Although the data below contains pictures, output only the lines between those holding "Your task to perform on an android device: Look" and "Step 4: click (544, 981)", inclusive, exactly and without those pictures.
╭──
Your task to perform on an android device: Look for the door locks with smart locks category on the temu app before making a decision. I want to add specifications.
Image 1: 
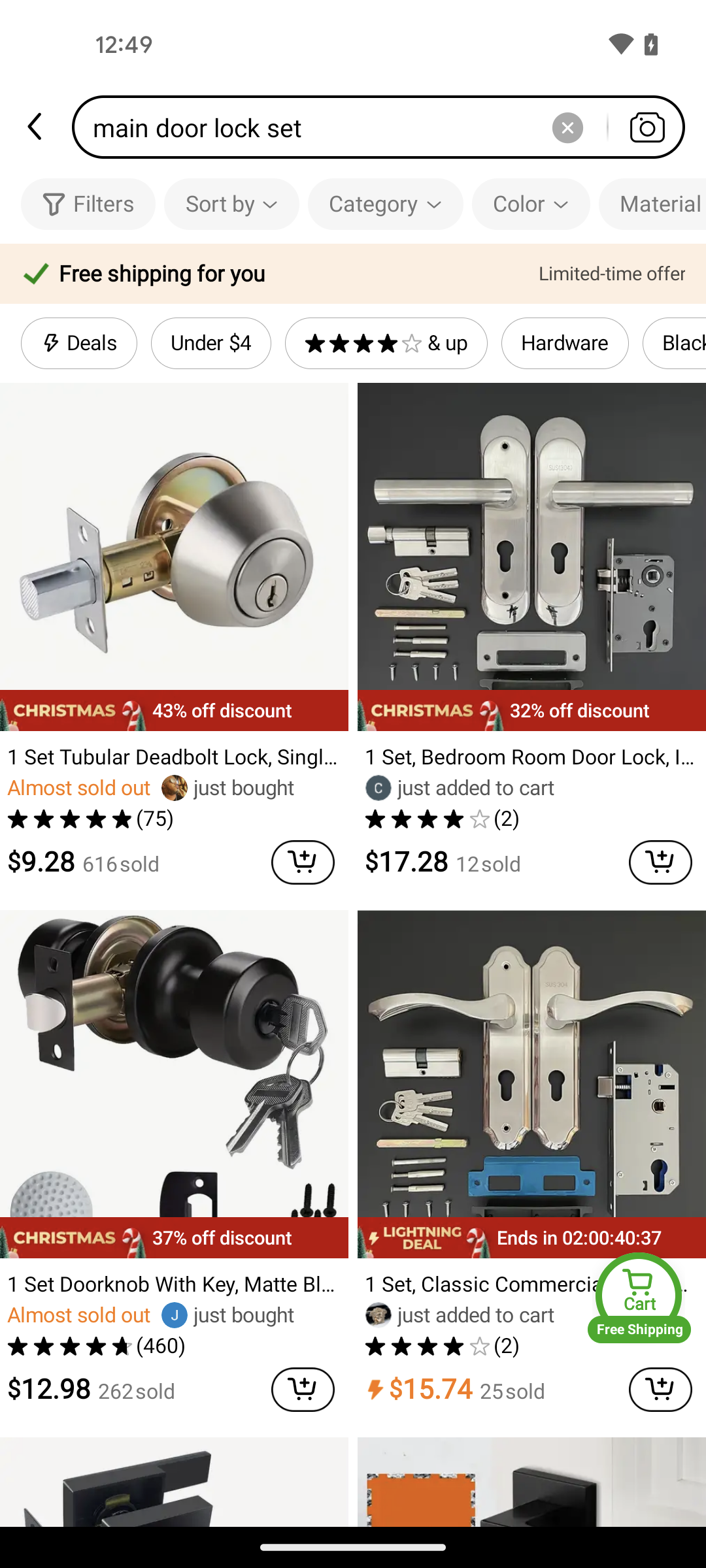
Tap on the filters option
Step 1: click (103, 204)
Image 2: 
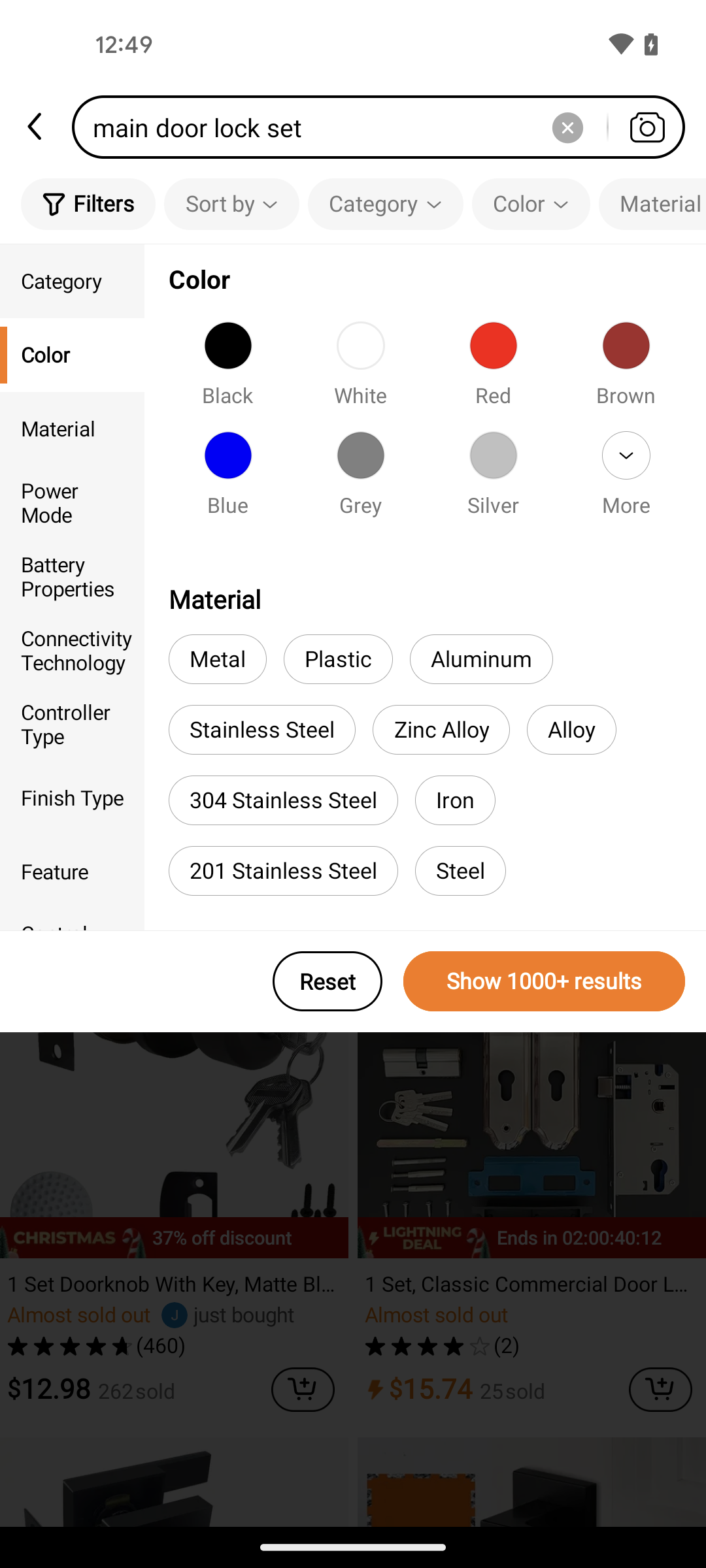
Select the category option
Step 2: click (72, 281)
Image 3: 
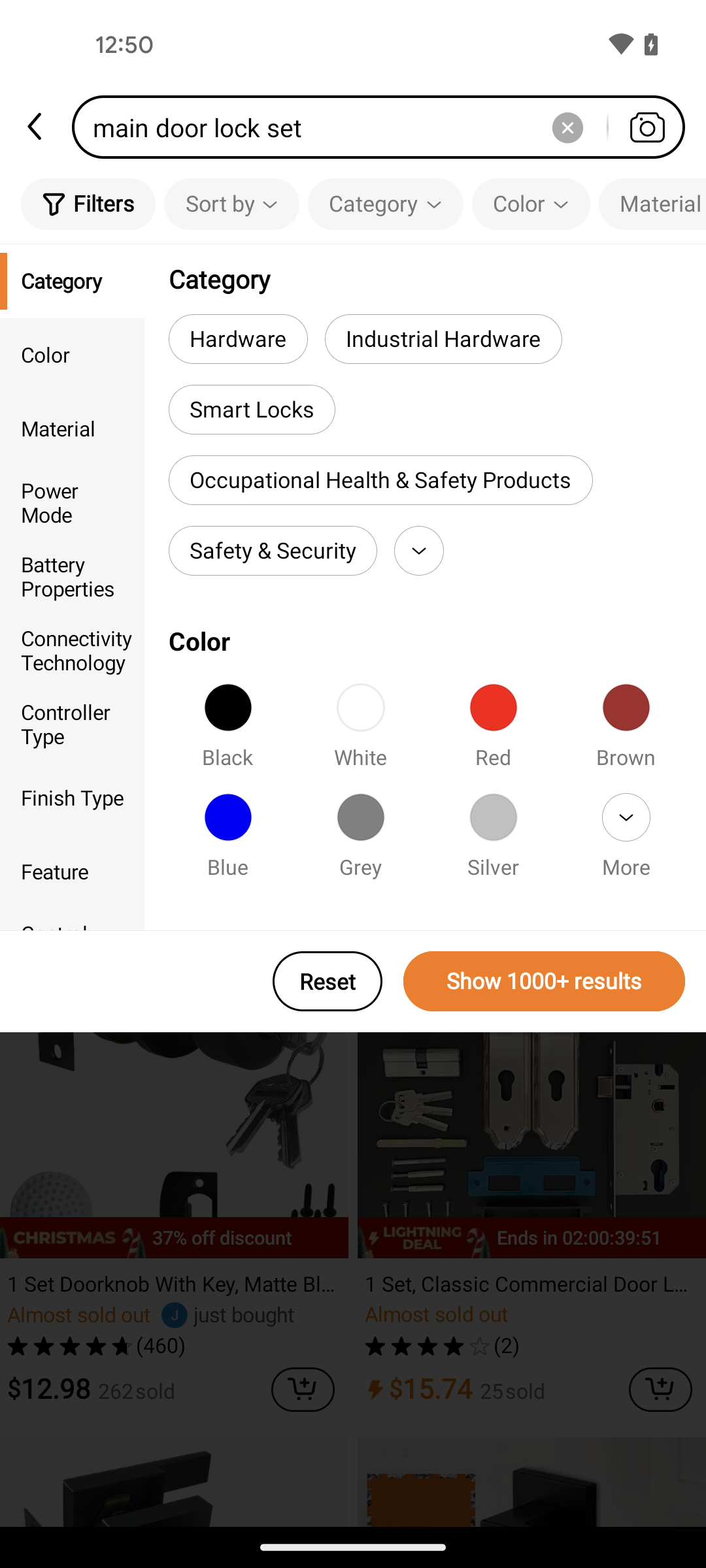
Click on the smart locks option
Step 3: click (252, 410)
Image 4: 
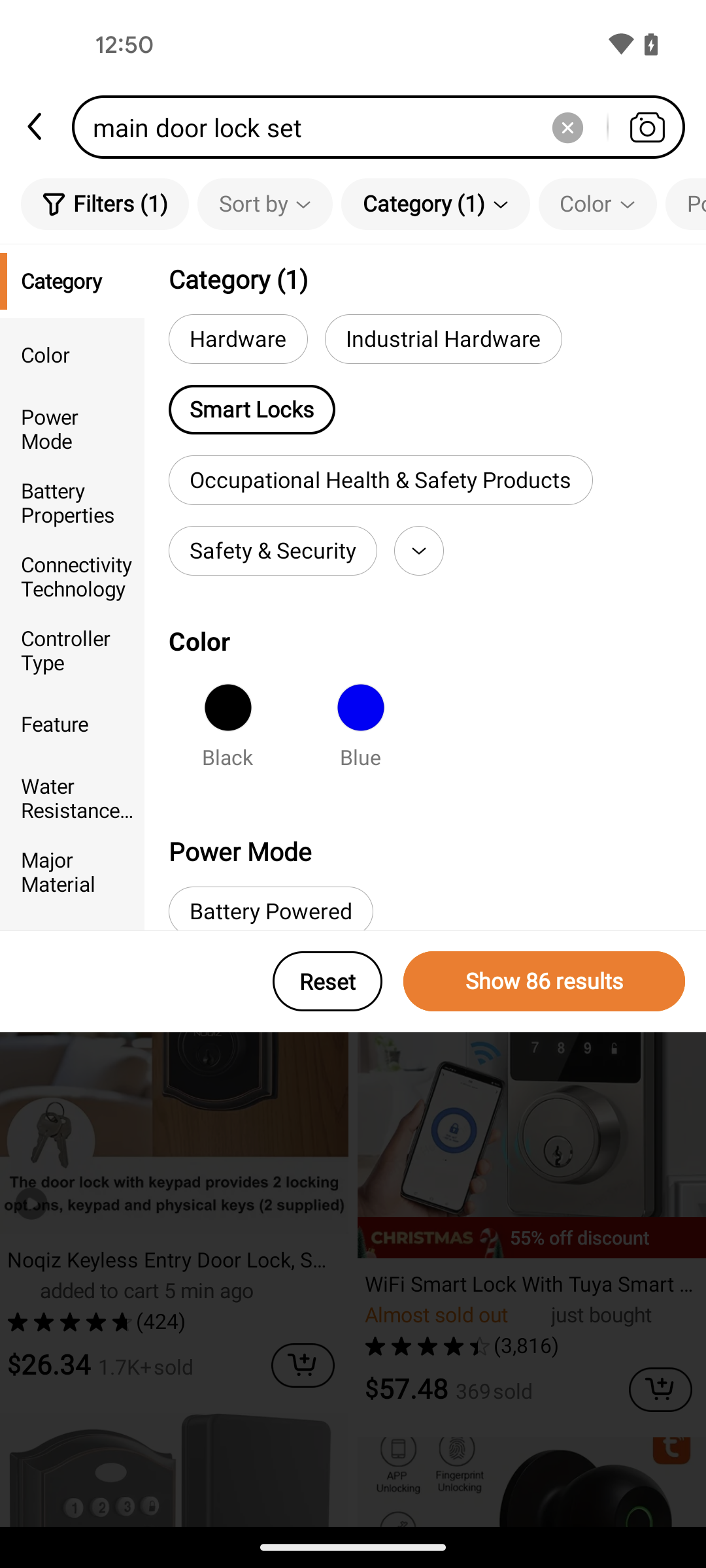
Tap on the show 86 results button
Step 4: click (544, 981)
╰──
╭──
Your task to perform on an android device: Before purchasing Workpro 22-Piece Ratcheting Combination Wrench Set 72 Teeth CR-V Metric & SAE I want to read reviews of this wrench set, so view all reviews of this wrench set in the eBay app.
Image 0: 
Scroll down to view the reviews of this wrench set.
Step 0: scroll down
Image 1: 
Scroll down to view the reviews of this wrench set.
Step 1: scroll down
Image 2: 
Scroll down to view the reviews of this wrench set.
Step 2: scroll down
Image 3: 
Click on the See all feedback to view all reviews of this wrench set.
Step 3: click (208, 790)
╰──
Exercise output -
Your task to perform on an android device: Look for the door locks with smart locks category on the temu app before making a decision. I want to add specifications.
Image 1: 
Tap on the filters option
Step 1: click (103, 204)
Image 2: 
Select the category option
Step 2: click (72, 281)
Image 3: 
Click on the smart locks option
Step 3: click (252, 410)
Image 4: 
Tap on the show 86 results button
Step 4: click (544, 981)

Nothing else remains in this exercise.